Diffraction imaging by prestack reverse-time migration in the dip-angle domain

Prestack image volumes may be decomposed into specular and non-specular parts by filters defined in the dip-angle domain. For space-shift extended image volumes, the dip-angle decomposition is derived via local Radon transform in depth and midpoint coordinates, followed by an averaging over space-shifts. We propose to employ prestack space-shift extended reverse-time migration and dip-angle decomposition for imaging small-scale structural elements, considered as seismic diffractors, in models with arbitrary complexity. A suitable design of a specularity filter in the dip-angle domain rejects the dominant reflectors and enhances diffractors and other non-specular image content. The filter exploits a clear discrimination in dip between specular reflections and diffractions. The former are stationary at the specular dip, whereas the latter are non-stationary without a preferred dip direction. While the filtered image volume features other than the diffractor images (for example, noise and truncation artefacts are also present), synthetic and field data examples suggest that diffractors tend to dominate and are readily recognisable.

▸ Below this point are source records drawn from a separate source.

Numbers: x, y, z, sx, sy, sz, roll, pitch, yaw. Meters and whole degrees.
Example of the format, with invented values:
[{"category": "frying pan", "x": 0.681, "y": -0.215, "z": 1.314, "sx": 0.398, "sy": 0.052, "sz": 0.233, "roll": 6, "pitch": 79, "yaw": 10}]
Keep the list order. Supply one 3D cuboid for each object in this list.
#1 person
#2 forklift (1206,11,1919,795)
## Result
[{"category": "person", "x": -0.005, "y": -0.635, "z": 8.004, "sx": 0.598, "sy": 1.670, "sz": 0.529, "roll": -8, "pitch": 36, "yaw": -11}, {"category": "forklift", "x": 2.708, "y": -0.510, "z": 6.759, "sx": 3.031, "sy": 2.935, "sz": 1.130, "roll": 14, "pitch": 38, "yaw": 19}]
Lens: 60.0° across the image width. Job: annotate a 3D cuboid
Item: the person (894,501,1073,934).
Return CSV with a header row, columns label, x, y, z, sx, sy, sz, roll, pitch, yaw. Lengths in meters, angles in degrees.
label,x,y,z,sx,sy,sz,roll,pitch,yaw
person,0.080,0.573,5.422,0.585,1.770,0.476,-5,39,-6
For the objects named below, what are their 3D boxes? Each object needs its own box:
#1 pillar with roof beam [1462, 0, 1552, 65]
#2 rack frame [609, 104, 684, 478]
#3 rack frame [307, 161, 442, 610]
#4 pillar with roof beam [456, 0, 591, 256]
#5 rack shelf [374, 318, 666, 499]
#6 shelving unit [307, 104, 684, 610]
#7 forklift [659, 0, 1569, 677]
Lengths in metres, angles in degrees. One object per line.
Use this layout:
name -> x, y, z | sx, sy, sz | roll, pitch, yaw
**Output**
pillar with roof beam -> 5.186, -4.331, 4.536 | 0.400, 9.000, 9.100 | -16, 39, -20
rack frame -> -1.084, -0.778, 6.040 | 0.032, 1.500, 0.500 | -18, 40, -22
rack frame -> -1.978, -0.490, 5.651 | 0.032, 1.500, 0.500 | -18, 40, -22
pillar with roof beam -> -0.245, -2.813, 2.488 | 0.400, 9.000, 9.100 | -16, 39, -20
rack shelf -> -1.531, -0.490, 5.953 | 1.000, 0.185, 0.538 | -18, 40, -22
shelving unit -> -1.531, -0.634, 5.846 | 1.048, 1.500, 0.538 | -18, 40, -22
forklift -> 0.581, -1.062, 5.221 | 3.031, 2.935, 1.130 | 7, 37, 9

Averaging over space-shifts in the filter construction makes the reflectors? rejection robust against migration velocity errors. Another consequence of the space-shift extension and its angle-domain transforms is the possibility of exploring the image in a multiple set of common-image gathers. The filtered diffractions may be analysed simultaneously in space-shift, scattering-angle, and dip-angle image gathers by means of a single migration job. The deliverables of our method obviously enrich the processed material on the interpreter's desk. We expect them to further supplement our understanding of the Earth's interior.